22/10/18 11:12:29 INFO BlockManagerMaster: Removal of executor 1 requested
22/10/18 11:12:29 INFO YarnSchedulerBackend$YarnDriverEndpoint: Asked to remove non-existent executor 1
22/10/18 11:12:29 INFO BlockManagerMasterEndpoint: Trying to remove executor 1 from BlockManagerMaster.
22/10/18 11:12:39 INFO HiveUtils: Initializing HiveMetastoreConnection version 2.3.9 using Spark classes.
22/10/18 11:12:40 INFO HiveClientImpl: Warehouse location for Hive client (version 2.3.9) is file:/user/hive/warehouse
22/10/18 11:12:41 INFO YarnSchedulerBackend$YarnDriverEndpoint: Registered executor NettyRpcEndpointRef(spark-client://Executor) (192.168.1.82:43560) with ID 2, ResourceProfileId 0
22/10/18 11:12:42 INFO BlockManagerMasterEndpoint: Registering block manager master:40397 with 93.3 MiB RAM, BlockManagerId(2, master, 40397, None)
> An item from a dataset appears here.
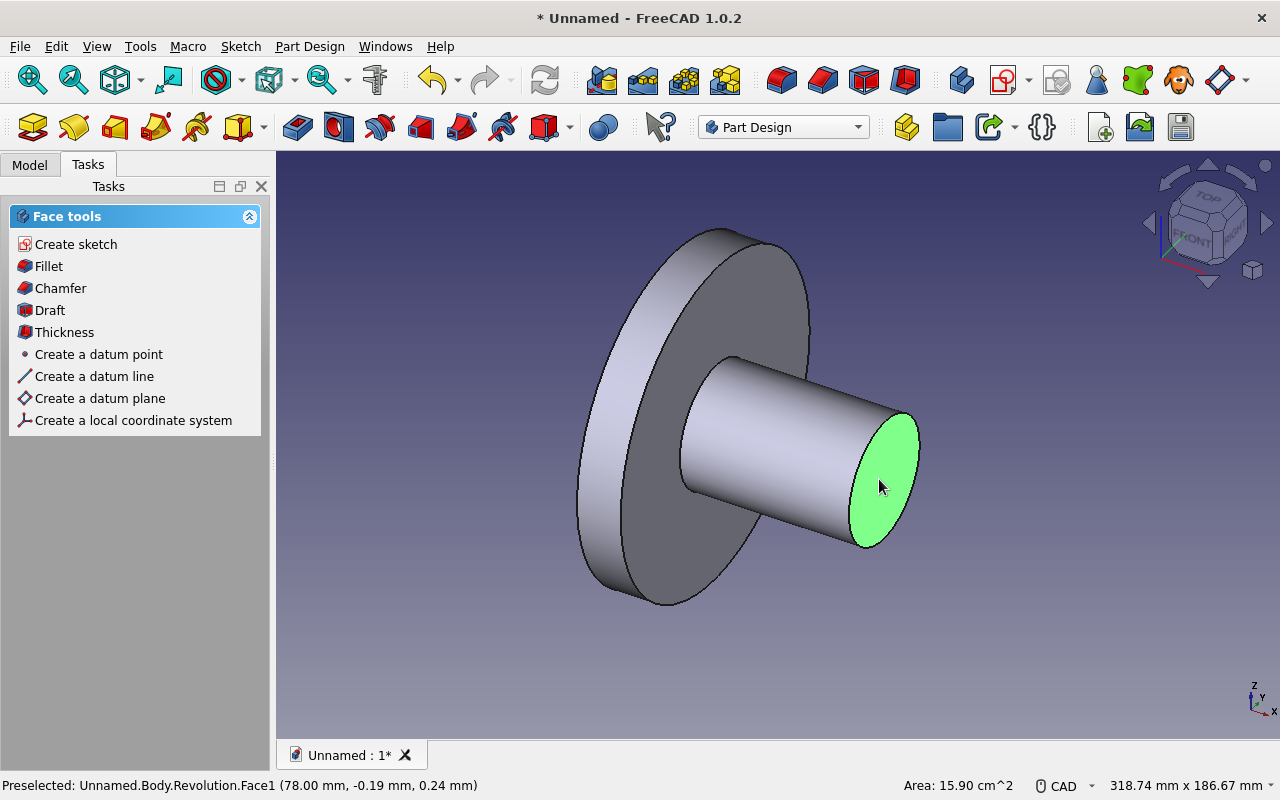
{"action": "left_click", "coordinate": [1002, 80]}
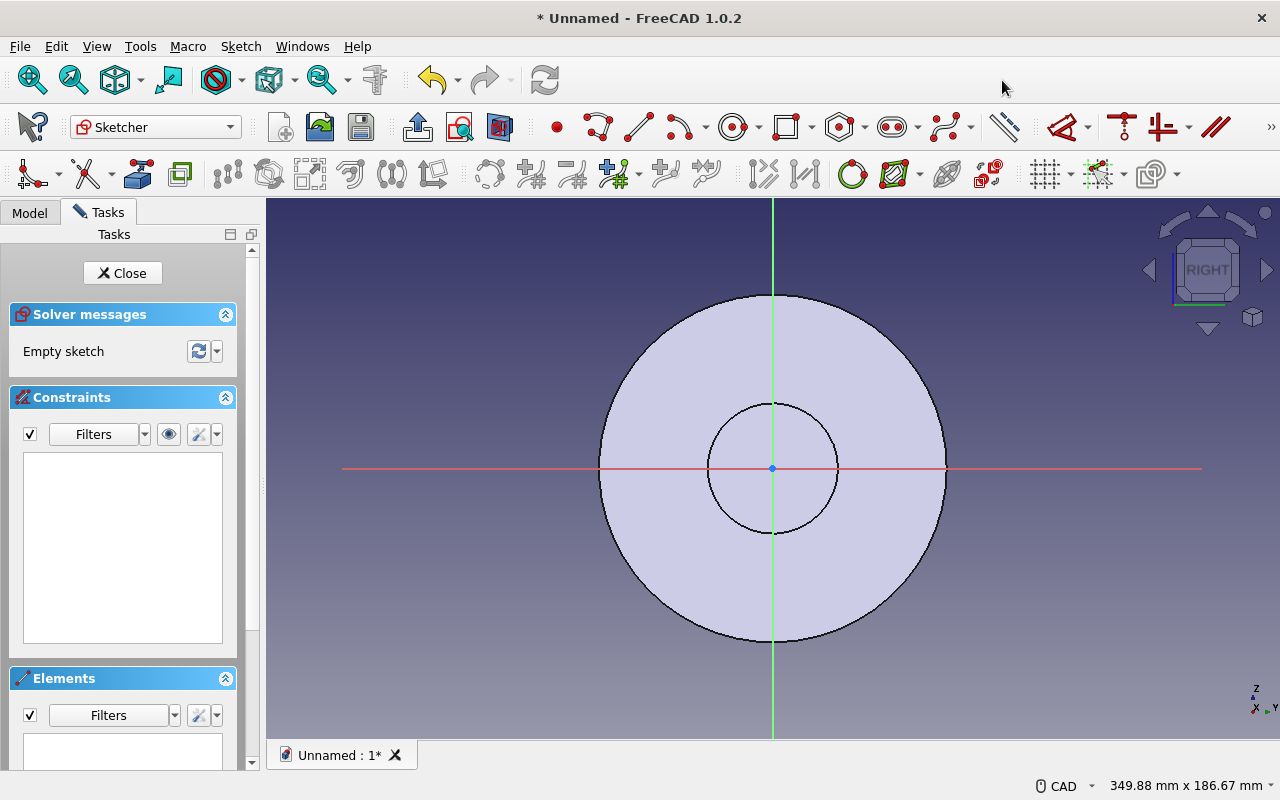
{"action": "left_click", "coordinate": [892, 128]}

22/10/18 11:12:49 INFO YarnSchedulerBackend$YarnDriverEndpoint: Registered executor NettyRpcEndpointRef(spark-client://Executor) (192.168.1.82:43600) with ID 3, ResourceProfileId 0
22/10/18 11:12:50 INFO BlockManagerMasterEndpoint: Registering block manager master:44035 with 93.3 MiB RAM, BlockManagerId(3, master, 44035, None)
And this is the print from > sparklyr::hive_context_config(sc)
: https://pastebin.com/e28KJ4wQ
Any help? Thanks in advance.
Okay so I found the solution on this other question.
I added this property to my hive-site.xml
and also copied it to $HOME_SPARK/conf/
<property>
<name>hive.metastore.uris</name>
<value>thrift://localhost:9083</value>
</property>
Also I removed all spark_config()
configs that I tried before.
I would love to know why was this the solution.